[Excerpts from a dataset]
============

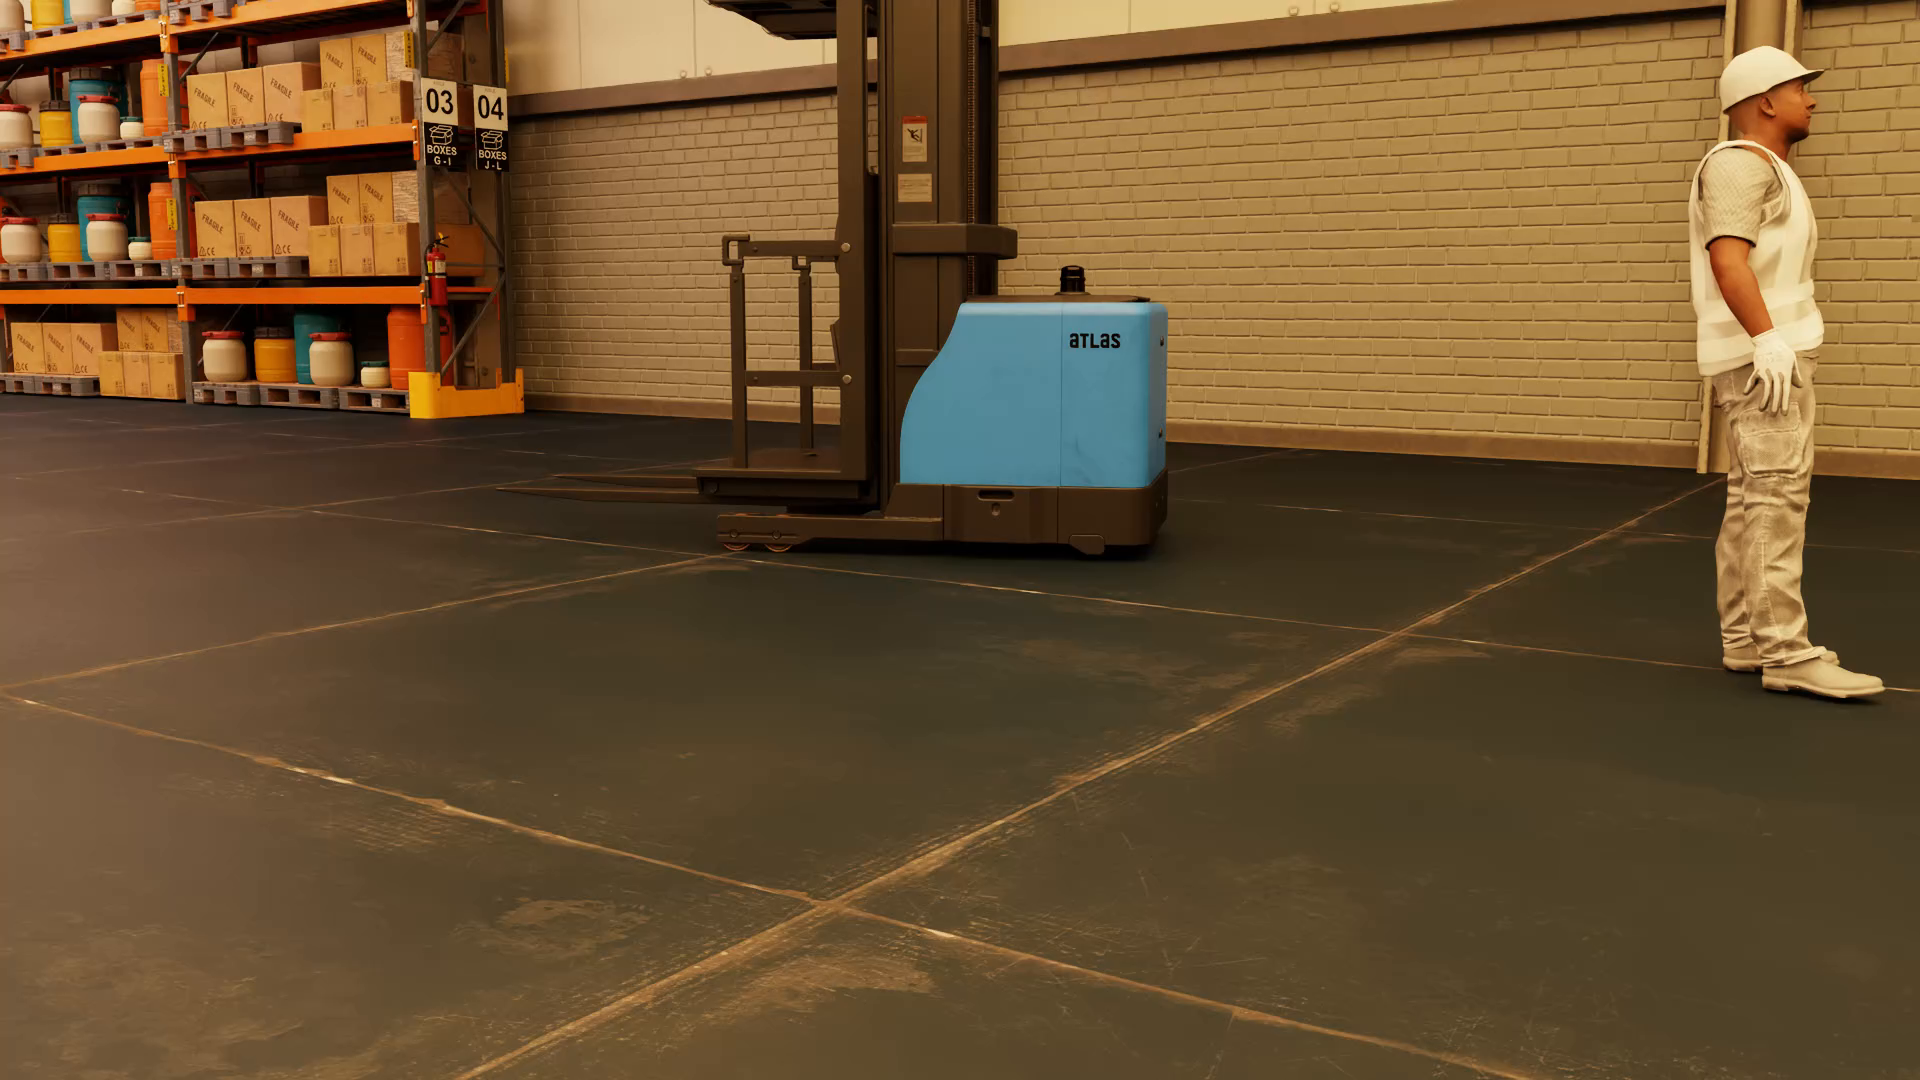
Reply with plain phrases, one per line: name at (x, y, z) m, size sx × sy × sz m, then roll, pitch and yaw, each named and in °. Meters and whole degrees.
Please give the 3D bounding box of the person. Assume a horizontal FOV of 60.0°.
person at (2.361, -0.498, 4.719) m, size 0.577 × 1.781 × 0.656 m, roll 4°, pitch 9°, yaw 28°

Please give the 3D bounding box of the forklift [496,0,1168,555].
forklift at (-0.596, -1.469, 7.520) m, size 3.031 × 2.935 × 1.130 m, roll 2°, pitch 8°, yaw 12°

============

◆ **Problem**
Only the lines from the one holding "Please give the 3D bounding box of the person." through the end of the records should appear in the answer, each repeated exactly.

◆ **Answer area**
Please give the 3D bounding box of the person. Assume a horizontal FOV of 60.0°.
person at (2.361, -0.498, 4.719) m, size 0.577 × 1.781 × 0.656 m, roll 4°, pitch 9°, yaw 28°

Please give the 3D bounding box of the forklift [496,0,1168,555].
forklift at (-0.596, -1.469, 7.520) m, size 3.031 × 2.935 × 1.130 m, roll 2°, pitch 8°, yaw 12°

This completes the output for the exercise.